姜晉
依依見姑蘇(下)
姜晉

清末蘇州火車站遠望
清末時期從上海至南京的滬寧鐵路大動脈的開辟,是江南地區的一大躍進。隨著路軌的鋪設,沿途各城市相繼都建立了火車站,蘇州火車站也是在這一時期建設完成的。
在清末印行的一張明信片上,還能看到蘇州火車站最初的面貌。這初建的車站只是一座矮小的站房,孤零零似吊在那長長的鐵道錢上,在那黃昏的夕照下真如一枯藤老樹昏鴉。不過,就是這種蕭疏和荒廢之感,反倒給人有一種古城歲月的蒼遠意境。老照片上這個看似不起眼的小小車站,曾翻開了蘇州百年鐵路運輸歷史的扉頁。
滬寧鐵路的建成與開通,已近清朝光緒末年。但在中國這個經濟最發達的江南地區,滬寧鐵路與北京的京張鐵路幾乎是同一個時期的產物。當時的中國,江南塞北都有鐵路的軌跡,可以說是中國運輸業第一次大提速。而滬寧鐵路的開通,無疑催快了江南各城鎮鄉村的經濟發展,為這一片地區的交通運輸和百姓生活帶來了福音。

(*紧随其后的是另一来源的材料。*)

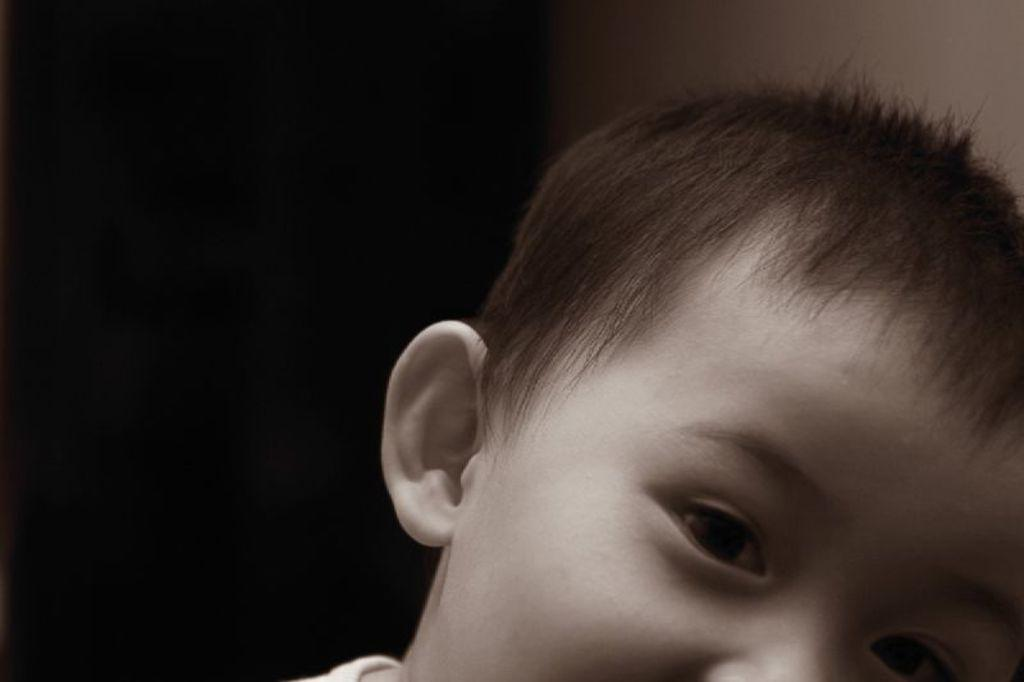What is the main subject in the foreground of the image? There is a boy in the foreground of the image. What is the color scheme of the background in the image? The background of the image is black and white. What type of crow is sitting on the boy's shoulder in the image? There is no crow present in the image; it only features a boy in the foreground and a black and white background.

有關蘇州火車站的正式開啟,《張謇全集》 中有相關的記載:“光緒三十二年(1906) 農歷五月廿五日,滬寧鐵路行開車禮,九時自滬行,十一時半至蘇,適大雨,席棚注漏,彩虹淋漓,染衣如桃花片片,入座之客多不成禮,盛杏蓀猶靦顏宣頌詞也?!?/p>
實際上,這座初建于 1906 年,由蘇州地方政府出資建造的蘇州火車站,到 1908年才正式投入使用。蘇州火車站屬滬寧鐵路第二期工程(南翔至無錫)中所修建的一座車站。蘇州火車站初建時遠沒有今天這樣的規模,看起來尚十分簡陋,車站的站屋系平房,長 19.2 米(63 英尺),闊 10.67米(35 英尺),站內設售票窗口 6 處。兩側為輔助用房,車站內有月臺兩座,造價7.15 萬銀元;地道一條,耗洋 7190 銀元。光緒五十二年二月廿五日(1906 年 7 月 16日),蘇州火車站與無錫車站同日舉行建站通車典禮,同年二月廿七日(1906 年 7 月18 日)營業。

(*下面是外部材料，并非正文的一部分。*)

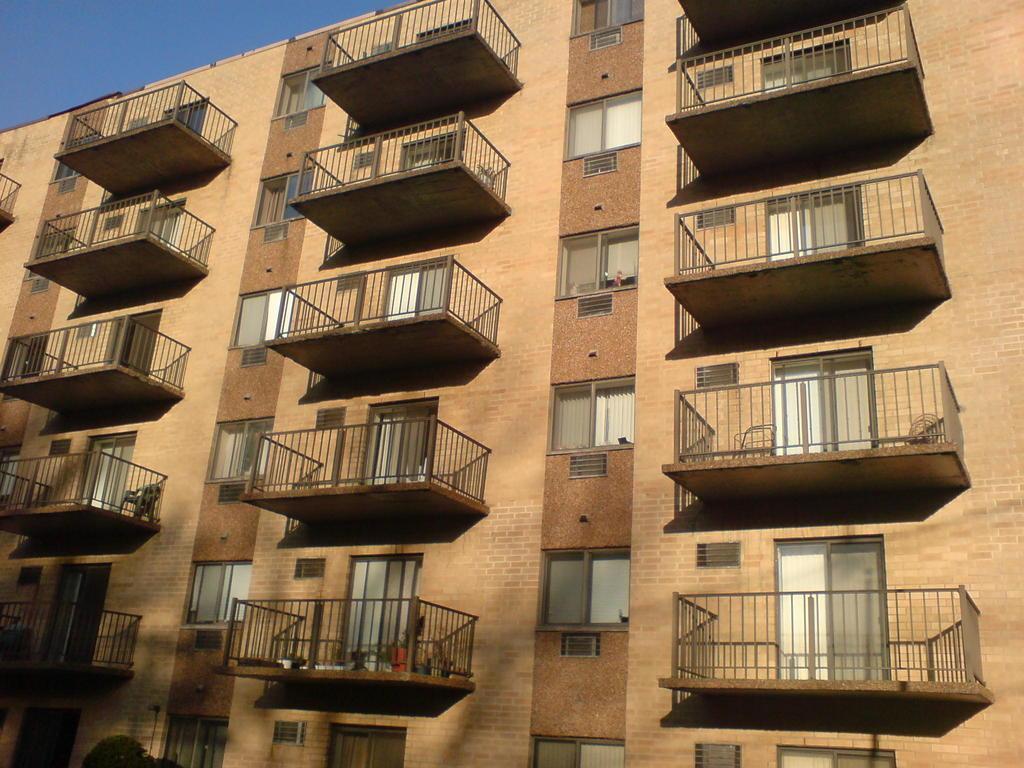Describe this image in one or two sentences. In this image we can see the building with the windows and also doors. We can also see the chair. Sky is also visible.

滬寧鐵路的開設,滬蘇鐵路的建成通車,從上海到蘇州,對原先這段船行人走的長途來說可謂是彈指一揮間的事了。

清末蘇州閶門大馬路
蘇州閶門不僅河道水運繁暢,而且陸路的交通和商業十分興旺。清末民初時期的閶門大馬路和石路的相繼貫通,給閶門帶來了經濟的繁興。清末蘇州閶門外大馬路,因滬寧鐵路通車而日益繁華。
當時的閶門大馬路南端接租界,北端通火車站,已成為蘇城陸路運輸的一條大動脈。那時平門、金門尚未辟設,齊門又較偏,車馬去火車站,閶門外馬路成為必經之道,成千上萬旅客形成熙熙攘攘的人流車流途經大馬路奔向全國各地,促成了閶門大馬路沿街馬路的商鋪成市。其中,就有眾多客棧旅社紛至沓來。民國年間《吾蘇旅社之概述》載:“自車站至閶、胥、盤門外辟為馬路,因火車較輪船為迅速便利,故旅客群相趨之,而金閶一帶因而市面頓形繁盛,于是旅社事業蜂起?!?927 年《旅游必讀》錄蘇州旅社 34 家,其中 23 家分布在閶門外沿馬路一線。
我收藏的一枚日本“北原東洋堂”印制的清末蘇州閶門大馬路風景明信片,展現了 1900 年前后閶門大馬路及其兩側的街景,顯現了清末蘇州閶門商業少有的繁華。從這張明信片的攝影照片上可以看出,當時的閶門大馬路上,來往的馬車、黃包車和行人等車水馬龍。街左側的一邊是西洋風格的二層小樓,右側一邊是中國傳統風格的店鋪客棧等。右側前方,一座新建的“蘇臺旅社”,作為蘇城清末民初時期上規模的旅館,正逐漸取代往日閶門一帶街巷中那些小格局的客棧。這座具有江南傳統建筑風味的“蘇臺旅社”,其路對面的一排西洋式小樓卻是“舶來品”。晚清的蘇州閶門大馬路,這種中西錯雜,有些不倫不類的建筑風格成為當時蘇州馬路的一個特色。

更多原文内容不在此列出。